Выбрать главу

На Институтской улице в Киеве действовал Интернациональный клуб, залы которого были постоянно переполнены: тут устраивались концерты, ставились спектакли на разных языках, работали десятки кружков, курсов.

В тридцатые годы, когда начались репрессии, в первую очередь их почувствовали на себе представители интеллигенции национальных меньшинств.

Так «великий вождь всех народов» разрешал национальный вопрос. Где же искать врагов народа, диверсантов, вредителей и шпионов, агентов империализма, как не среди нацменов?!

На каком основании они собираются в клубах, поют и разговаривают на непонятных языках? Недолго думая, прикрыли Интернациональный клуб на Институтской, а самых активных его деятелей арестовали.

Стали закрывать национальные театры — польский, немецкий, болгарский, молдавский, еврейский, а руководителей их бросали за решетку — «шпионы». Исчезали национальные школы, техникумы, отделения в пединститутах и университетах. Прекратили существование польские, немецкие, еврейские, болгарские, молдавские журналы и газеты, национальные детские садики, культурные общества, и с каждым днем «исчезали» культурные деятели: писатели, студенты, ученые, специалисты…

Шла охота на «ведьм», искали козлов отпущения в деятелях — их объявляли националистами, предателями, врагами народа…

В Госнацмениздате быстро поняли — курс на уничтожение национальных культур. Репрессировали лучших болгарских писателей, обвинив их в шпионаже, стало быть, болгарское отделение издательства прикрыли. Следующей жертвой стали польские писатели — перестали издавать литературу на польском языке, журналы, газеты, закрыли польский театр в Киеве, школы. Вслед за этим арестовали немецких писателей, запретили немецкие школы, учреждения, ликвидировали национальные районы, многие колхозы.

Наконец, бросили в тюрьму группу еврейских писателей, прикрыли газеты, театры и среди них знаменитый «Евоканс» Шейнина.

Пустели кабинеты нашего издательства. Все меньше печаталось книг и журналов на национальных языках.

«Многоязычный хор» онемел. Люди боялись собственной тени, перестали разговаривать на родном языке.

В еврейском отделении тоже не досчитывались многих писателей и редакторов, но редакция все еще выпускала отдельные книги и журнал.

В самом конце длинного коридора Госнацмениздата находились и «апартаменты» нашего журнала, который вначале назывался «Пролит» («Пролетарская литература»), а затем — «Фармест» («Соревнование»). В эпоху сталинских пятилеток он часто менял названия, пока, наконец, остановились на одном — «Советише литератур» («Советская литература»). Это произошло после Первого всесоюзного съезда писателей страны.
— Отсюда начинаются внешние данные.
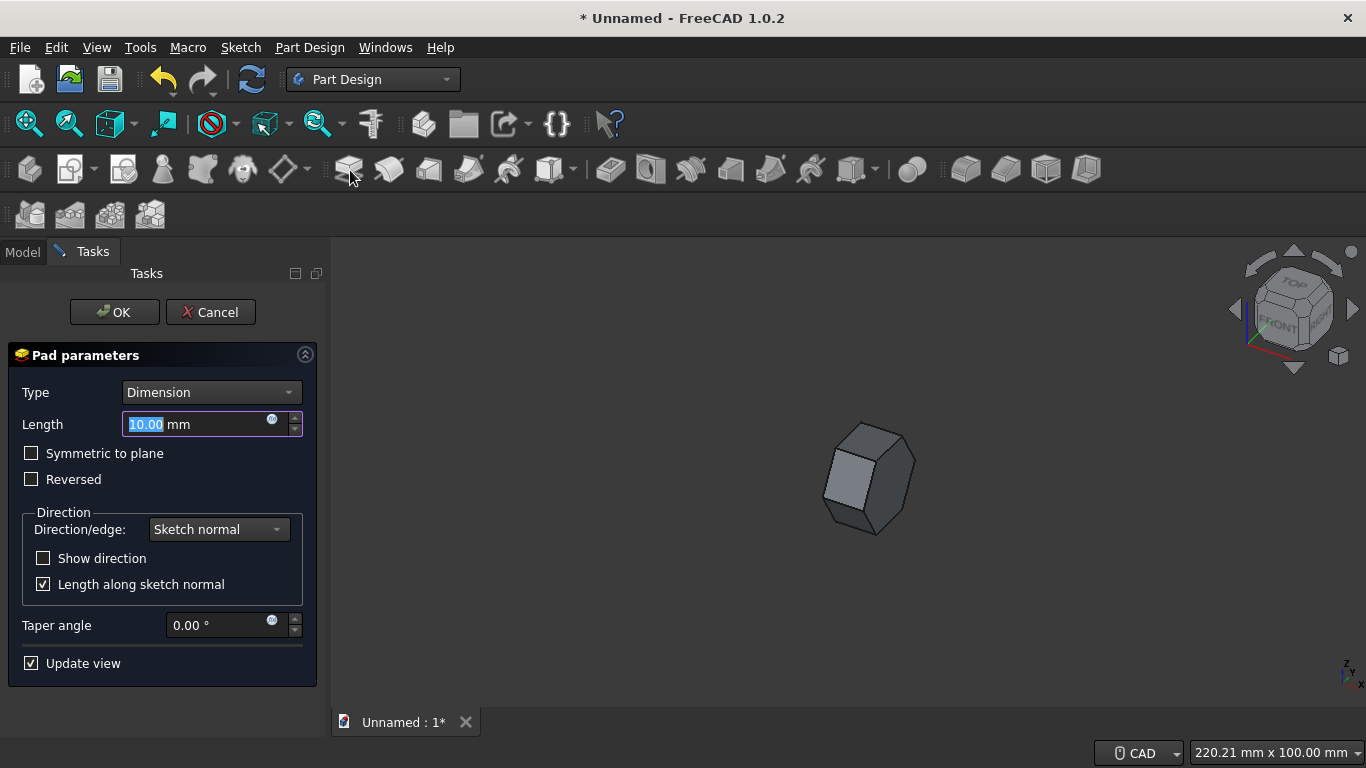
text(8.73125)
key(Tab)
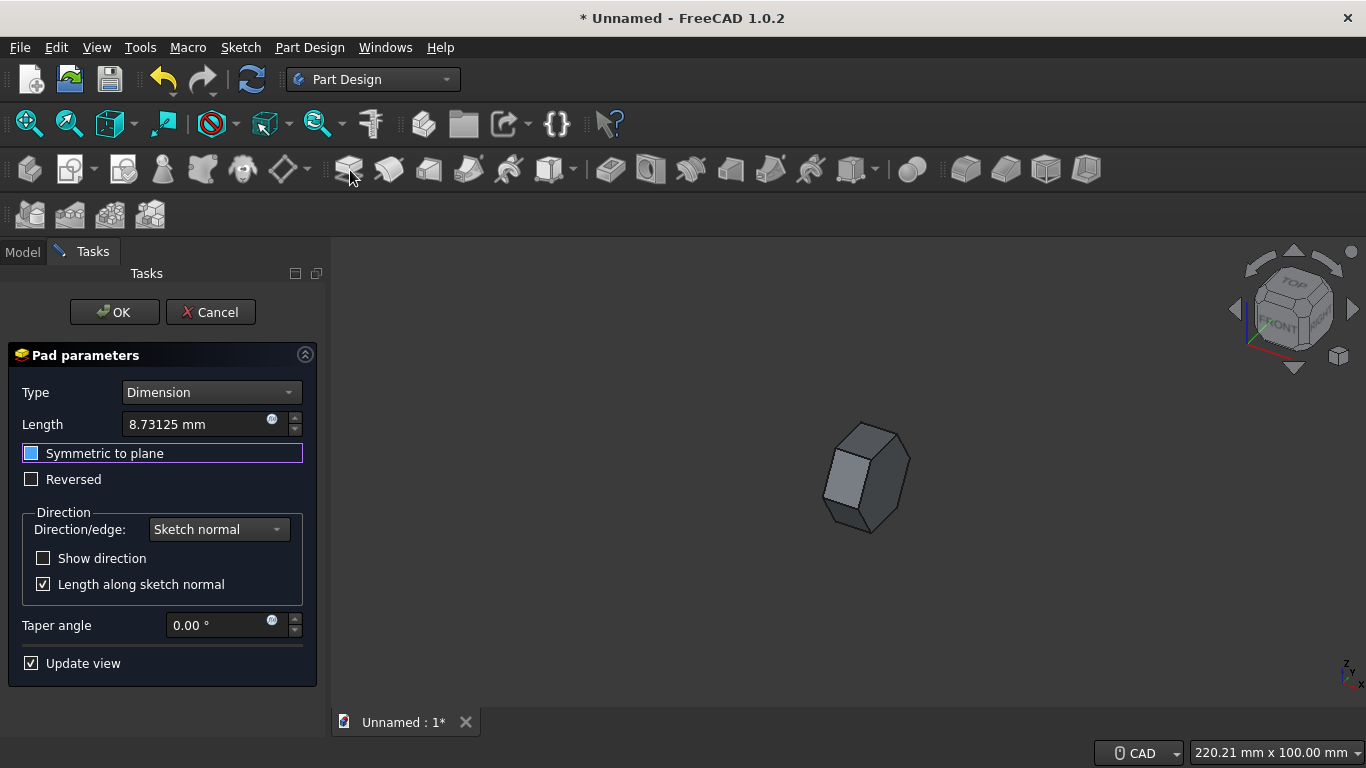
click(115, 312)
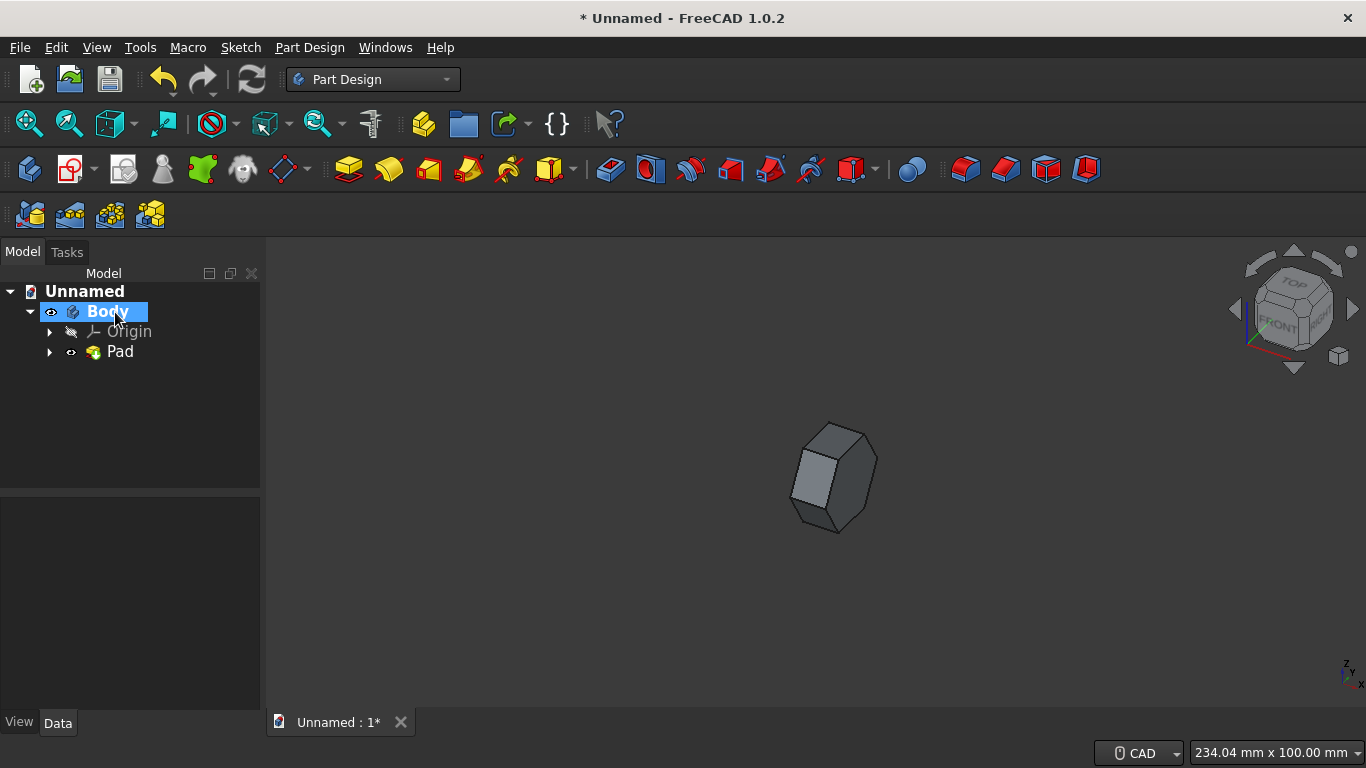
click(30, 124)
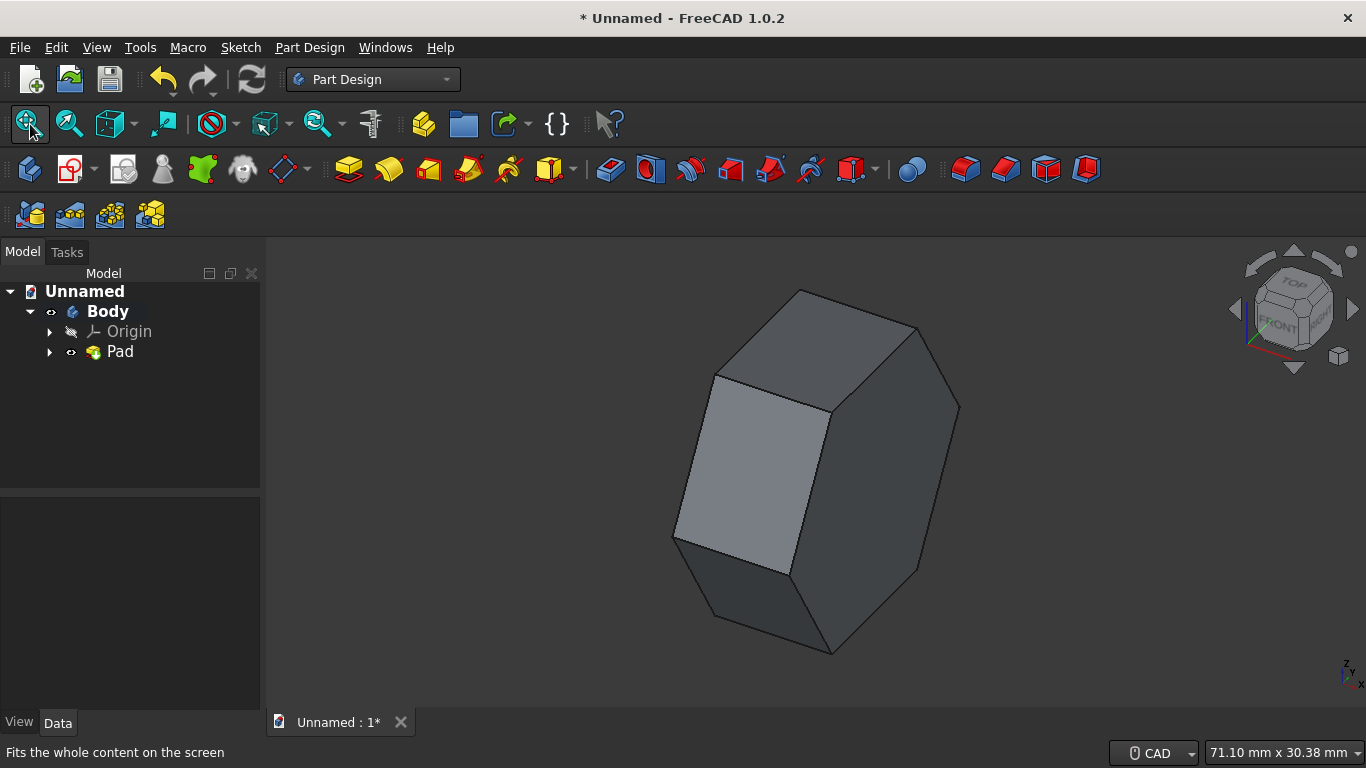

Как известно, на этом съезде с большим докладом выступил Максим Горький. Он говорил о многонациональной литературе нашей страны, упомянул добрым словом и еврейских литераторов, писавших на идиш. Некоторые из них даже выступали на этом форуме. Запомнились речи Переца Маркиша, Ицика Фефера, Давида Бергельсона, Льва Квитко, интересным было выступление тогда еще молодого романиста Нотэ Лурье.

После съезда писатели с большим подъемом взялись за работу. Появились новые высокохудожественные произведения, романы и повести, поэмы и драмы. Веселее стало на душе, зародилась надежда, вера в то, что можно свободно жить и творить.

К нам в редакцию потянулись пожилые и молодые писатели, приносили свои первые пробы начинающие литераторы.

«Апартаменты» наши состояли из одной тускло освещенной комнаты, которая упиралась двумя большими запыленными окнами в глухую стену соседнего дома.

Тесно сдвинутые старенькие столы и несколько искривленных скрипучих венских стульев — такое наследство досталось нам от издательства «Культур — Лига», зародившегося с первых дней установления на Украине советской власти…

Дверь большой комнаты была постоянно широко распахнута, и жрецы художественной словесности могли свободно входить сюда со своим багажом. Но главным образом это делали для того, чтобы в полутемной прокуренной комнате было чем дышать.

На дверях тогда не вывешивали бюрократических табличек: «Прием авторов с 15 до 17», «Просят не курить», «Не шуметь», «Разговаривать шепотом», «Без стука не входить»… Наоборот, к нам заходили без стука, курили, дымили, громко разговаривали. Не было, как теперь, грозных секретарей-машинисток, разговаривающих с посетителями с презрением, свысока. Наша машинистка — скромная, молчаливая молодая женщина Ева Ушомирская — сидела в маленькой соседней комнатушке, всех встречала с улыбкой, не переставая стучать на машинке.